YOUR OBJECTIVE: Could you print, exactly as they stand, the lines from the one holding "table if not" to the end of the data below, and nothing more?

DATA IN THIS EXERCISE section start

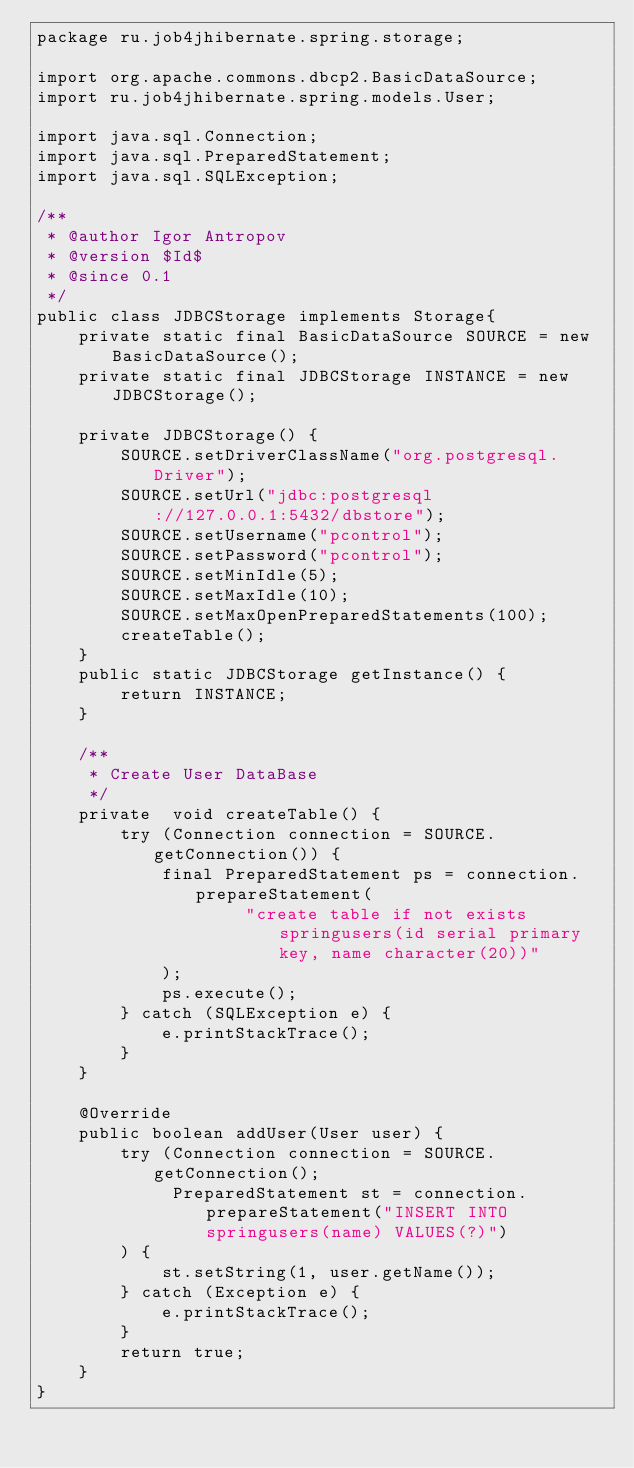<code> <loc_0><loc_0><loc_500><loc_500><_Java_>package ru.job4jhibernate.spring.storage;

import org.apache.commons.dbcp2.BasicDataSource;
import ru.job4jhibernate.spring.models.User;

import java.sql.Connection;
import java.sql.PreparedStatement;
import java.sql.SQLException;

/**
 * @author Igor Antropov
 * @version $Id$
 * @since 0.1
 */
public class JDBCStorage implements Storage{
    private static final BasicDataSource SOURCE = new BasicDataSource();
    private static final JDBCStorage INSTANCE = new JDBCStorage();

    private JDBCStorage() {
        SOURCE.setDriverClassName("org.postgresql.Driver");
        SOURCE.setUrl("jdbc:postgresql://127.0.0.1:5432/dbstore");
        SOURCE.setUsername("pcontrol");
        SOURCE.setPassword("pcontrol");
        SOURCE.setMinIdle(5);
        SOURCE.setMaxIdle(10);
        SOURCE.setMaxOpenPreparedStatements(100);
        createTable();
    }
    public static JDBCStorage getInstance() {
        return INSTANCE;
    }

    /**
     * Create User DataBase
     */
    private  void createTable() {
        try (Connection connection = SOURCE.getConnection()) {
            final PreparedStatement ps = connection.prepareStatement(
                    "create table if not exists springusers(id serial primary key, name character(20))"
            );
            ps.execute();
        } catch (SQLException e) {
            e.printStackTrace();
        }
    }

    @Override
    public boolean addUser(User user) {
        try (Connection connection = SOURCE.getConnection();
             PreparedStatement st = connection.prepareStatement("INSERT INTO springusers(name) VALUES(?)")
        ) {
            st.setString(1, user.getName());
        } catch (Exception e) {
            e.printStackTrace();
        }
        return true;
    }
}
</code>

DATA IN THIS EXERCISE section end

RESPONSE TO THIS EXERCISE:
                    "create table if not exists springusers(id serial primary key, name character(20))"
            );
            ps.execute();
        } catch (SQLException e) {
            e.printStackTrace();
        }
    }

    @Override
    public boolean addUser(User user) {
        try (Connection connection = SOURCE.getConnection();
             PreparedStatement st = connection.prepareStatement("INSERT INTO springusers(name) VALUES(?)")
        ) {
            st.setString(1, user.getName());
        } catch (Exception e) {
            e.printStackTrace();
        }
        return true;
    }
}
</code>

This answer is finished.